Garden Reach: A statue of a couple carrying a sack of belongings each stands on the bank of the Hooghly, a stark monument to the indentured labourers crammed into a ship that had set sail from there in 1873 to reach the former Dutch colony of Suriname.
Called the Mai Baap statue, it is a replica of the original monument of the same name in Parimaribo, the capital of Suriname on the east Atlantic coast.
Minister of state for external affairs M.J. Akbar on Saturday unveiled a Dutch plaque on the base of the Mai Baap statue in Suriname Ghat during an event coinciding with the tiny nation's Independence Day. The memorial previously had plaques in English, Hindi, Bengali and Suriname.
"The word 'indentured labour' hides the inherent exploitation of these poor workers. They were taken as replacement slaves and not employees. They were cheated... thaga diya. They had been told that they could come back after five years. But that was not to be," Akbar said, harking back to February 26, 1873.

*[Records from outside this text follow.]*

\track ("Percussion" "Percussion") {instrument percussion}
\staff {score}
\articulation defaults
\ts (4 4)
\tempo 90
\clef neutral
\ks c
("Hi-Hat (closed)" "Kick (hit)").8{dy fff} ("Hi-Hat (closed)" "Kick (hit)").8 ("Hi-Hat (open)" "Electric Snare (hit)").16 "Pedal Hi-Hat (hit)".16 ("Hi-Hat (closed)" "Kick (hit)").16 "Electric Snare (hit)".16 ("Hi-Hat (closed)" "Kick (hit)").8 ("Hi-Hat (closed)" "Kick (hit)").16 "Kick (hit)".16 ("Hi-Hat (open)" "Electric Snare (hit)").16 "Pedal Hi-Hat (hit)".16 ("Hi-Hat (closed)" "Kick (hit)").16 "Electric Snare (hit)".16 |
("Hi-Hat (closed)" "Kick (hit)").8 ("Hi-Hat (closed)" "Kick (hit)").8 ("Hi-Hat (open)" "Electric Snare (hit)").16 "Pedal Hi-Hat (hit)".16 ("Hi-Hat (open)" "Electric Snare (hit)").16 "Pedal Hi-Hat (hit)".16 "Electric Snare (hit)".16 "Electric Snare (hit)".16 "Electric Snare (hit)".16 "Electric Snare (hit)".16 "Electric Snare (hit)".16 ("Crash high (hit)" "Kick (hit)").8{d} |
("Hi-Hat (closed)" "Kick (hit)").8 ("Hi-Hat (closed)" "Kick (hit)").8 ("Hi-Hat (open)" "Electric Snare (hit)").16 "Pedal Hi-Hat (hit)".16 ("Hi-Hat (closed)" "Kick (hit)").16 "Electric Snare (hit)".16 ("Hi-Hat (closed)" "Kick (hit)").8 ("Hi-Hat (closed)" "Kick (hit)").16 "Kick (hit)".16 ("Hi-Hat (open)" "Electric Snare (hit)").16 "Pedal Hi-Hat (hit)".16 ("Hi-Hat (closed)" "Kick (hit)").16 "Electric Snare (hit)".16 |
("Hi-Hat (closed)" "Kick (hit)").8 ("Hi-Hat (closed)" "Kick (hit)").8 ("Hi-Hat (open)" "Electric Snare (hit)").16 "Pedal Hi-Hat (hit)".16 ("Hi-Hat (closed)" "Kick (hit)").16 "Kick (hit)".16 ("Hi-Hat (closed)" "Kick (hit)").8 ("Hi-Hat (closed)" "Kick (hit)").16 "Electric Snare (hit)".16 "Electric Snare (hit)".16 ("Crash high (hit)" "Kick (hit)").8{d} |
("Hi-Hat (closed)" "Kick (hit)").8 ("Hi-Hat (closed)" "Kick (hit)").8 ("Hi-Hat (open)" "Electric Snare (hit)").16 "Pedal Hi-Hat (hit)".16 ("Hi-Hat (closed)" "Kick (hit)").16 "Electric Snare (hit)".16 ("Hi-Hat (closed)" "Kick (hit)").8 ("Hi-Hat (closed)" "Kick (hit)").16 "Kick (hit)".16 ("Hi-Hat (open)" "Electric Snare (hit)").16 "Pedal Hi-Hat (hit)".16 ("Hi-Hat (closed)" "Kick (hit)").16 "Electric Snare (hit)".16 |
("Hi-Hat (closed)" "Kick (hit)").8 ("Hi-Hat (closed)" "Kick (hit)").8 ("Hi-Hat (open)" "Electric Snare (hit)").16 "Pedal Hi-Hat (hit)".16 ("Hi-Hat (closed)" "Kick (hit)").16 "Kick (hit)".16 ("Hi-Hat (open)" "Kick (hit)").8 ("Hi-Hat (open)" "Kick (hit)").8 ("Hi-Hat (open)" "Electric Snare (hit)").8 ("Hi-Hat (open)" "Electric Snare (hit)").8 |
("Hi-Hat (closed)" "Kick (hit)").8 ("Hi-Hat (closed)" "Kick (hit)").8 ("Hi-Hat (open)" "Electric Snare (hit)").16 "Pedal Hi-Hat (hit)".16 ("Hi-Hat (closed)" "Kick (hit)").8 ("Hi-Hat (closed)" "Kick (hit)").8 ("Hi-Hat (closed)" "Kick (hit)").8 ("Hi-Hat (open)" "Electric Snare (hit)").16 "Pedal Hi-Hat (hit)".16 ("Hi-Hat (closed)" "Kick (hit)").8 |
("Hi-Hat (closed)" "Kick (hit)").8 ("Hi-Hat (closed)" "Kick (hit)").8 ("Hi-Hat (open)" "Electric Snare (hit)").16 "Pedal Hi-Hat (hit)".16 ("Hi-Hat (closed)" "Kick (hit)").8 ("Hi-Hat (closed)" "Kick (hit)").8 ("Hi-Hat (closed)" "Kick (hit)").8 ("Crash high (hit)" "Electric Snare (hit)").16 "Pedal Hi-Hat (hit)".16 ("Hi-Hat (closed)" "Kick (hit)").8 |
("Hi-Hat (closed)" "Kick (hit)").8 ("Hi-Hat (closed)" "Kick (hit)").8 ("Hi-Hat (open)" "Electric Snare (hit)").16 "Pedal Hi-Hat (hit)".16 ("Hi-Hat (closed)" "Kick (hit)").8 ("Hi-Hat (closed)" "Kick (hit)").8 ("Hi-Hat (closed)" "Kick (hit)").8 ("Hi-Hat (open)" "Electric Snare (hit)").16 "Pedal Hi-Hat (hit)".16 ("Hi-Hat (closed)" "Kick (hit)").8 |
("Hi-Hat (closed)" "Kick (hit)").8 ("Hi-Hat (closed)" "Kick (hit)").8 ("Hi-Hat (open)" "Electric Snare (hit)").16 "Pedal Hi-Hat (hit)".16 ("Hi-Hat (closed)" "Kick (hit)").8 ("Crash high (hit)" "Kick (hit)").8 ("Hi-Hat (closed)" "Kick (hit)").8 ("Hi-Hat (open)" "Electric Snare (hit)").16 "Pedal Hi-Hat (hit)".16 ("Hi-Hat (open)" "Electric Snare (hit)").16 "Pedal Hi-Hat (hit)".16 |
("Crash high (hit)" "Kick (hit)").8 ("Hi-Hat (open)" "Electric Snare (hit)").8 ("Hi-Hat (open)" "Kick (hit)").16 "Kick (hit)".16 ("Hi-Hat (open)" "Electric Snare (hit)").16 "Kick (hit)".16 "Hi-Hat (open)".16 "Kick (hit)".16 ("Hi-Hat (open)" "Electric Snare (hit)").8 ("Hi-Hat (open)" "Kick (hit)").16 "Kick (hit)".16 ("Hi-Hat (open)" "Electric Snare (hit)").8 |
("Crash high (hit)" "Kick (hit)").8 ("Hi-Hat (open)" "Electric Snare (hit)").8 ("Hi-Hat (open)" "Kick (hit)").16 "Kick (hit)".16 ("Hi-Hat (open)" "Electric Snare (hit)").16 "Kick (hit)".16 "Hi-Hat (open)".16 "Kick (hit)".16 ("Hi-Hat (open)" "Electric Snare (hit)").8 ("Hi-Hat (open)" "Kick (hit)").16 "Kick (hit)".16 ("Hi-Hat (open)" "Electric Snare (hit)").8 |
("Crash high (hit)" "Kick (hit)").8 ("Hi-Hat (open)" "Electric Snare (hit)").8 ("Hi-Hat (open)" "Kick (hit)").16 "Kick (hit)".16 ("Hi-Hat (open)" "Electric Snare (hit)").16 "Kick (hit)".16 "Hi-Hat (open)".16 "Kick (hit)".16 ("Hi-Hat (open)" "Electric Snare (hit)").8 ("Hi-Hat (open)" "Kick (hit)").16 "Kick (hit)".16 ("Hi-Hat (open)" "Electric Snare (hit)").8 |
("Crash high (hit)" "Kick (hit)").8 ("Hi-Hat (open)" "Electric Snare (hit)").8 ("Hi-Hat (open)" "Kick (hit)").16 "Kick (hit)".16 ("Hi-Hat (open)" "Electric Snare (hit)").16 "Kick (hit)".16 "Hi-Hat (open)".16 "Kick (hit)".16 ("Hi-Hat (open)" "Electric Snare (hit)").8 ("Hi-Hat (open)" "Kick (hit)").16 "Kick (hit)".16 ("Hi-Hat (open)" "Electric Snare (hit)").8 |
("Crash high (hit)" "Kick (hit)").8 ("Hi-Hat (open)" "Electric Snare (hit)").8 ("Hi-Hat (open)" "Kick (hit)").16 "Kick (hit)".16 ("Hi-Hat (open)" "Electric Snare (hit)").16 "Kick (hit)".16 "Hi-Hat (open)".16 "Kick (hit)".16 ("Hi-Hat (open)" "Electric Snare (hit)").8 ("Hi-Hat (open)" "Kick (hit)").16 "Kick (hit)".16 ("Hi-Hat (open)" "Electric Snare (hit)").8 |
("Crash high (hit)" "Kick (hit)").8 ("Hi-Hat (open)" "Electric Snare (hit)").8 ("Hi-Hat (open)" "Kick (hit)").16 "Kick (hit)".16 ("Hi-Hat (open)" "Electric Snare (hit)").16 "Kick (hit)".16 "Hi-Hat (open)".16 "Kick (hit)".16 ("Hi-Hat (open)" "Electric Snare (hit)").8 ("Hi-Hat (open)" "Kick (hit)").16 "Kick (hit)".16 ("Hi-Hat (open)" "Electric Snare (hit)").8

That was the day a ship named Lalla Rookh set sail from the jetty of the Calcutta port, carrying 400 labourers, most of them from Bihar and Uttar Pradesh. They were being taken to Suriname to work in the sugar plantations there.
The ship reached its destination on June 5, a day that is since observed in Suriname as "Indian Arrival Day".
Sixty-four more ships would sail to the South African, African, Caribbean colonies after that historic first trip, carrying millions of indentured labourers.
The gathering at Suriname Ghat on Saturday included the Surinamese ambassador Aashna Kanhai, herself a descendant of indentured labourers. She said the labourers had left Indian shores with just two pairs of clothes and a copy each of the Hanuman Chalisa and the Bhagwad Gita.
Kanhai said India's relationship with the former Dutch colony had since undergone a sea change.
The focus has shifted from exploitation to reconnecting with the huge Indian diaspora and "strengthening the bond" through various programmes.
Dutch ambassador Alphonsus Stoelinga recalled that slavery being abolished in 1816 was the trigger for the influx of indentured labourers to the colonies.
"This created a huge demand for cheap labour in the plantations. In 1871, the Dutch bought recruitment from British India," he said.
On Lalla Rookh, Stoelinga said the name of the ship came from the eponymous poem by Thomas Moore that speaks of the love of the tulip-cheeked princess of Aurangzeb.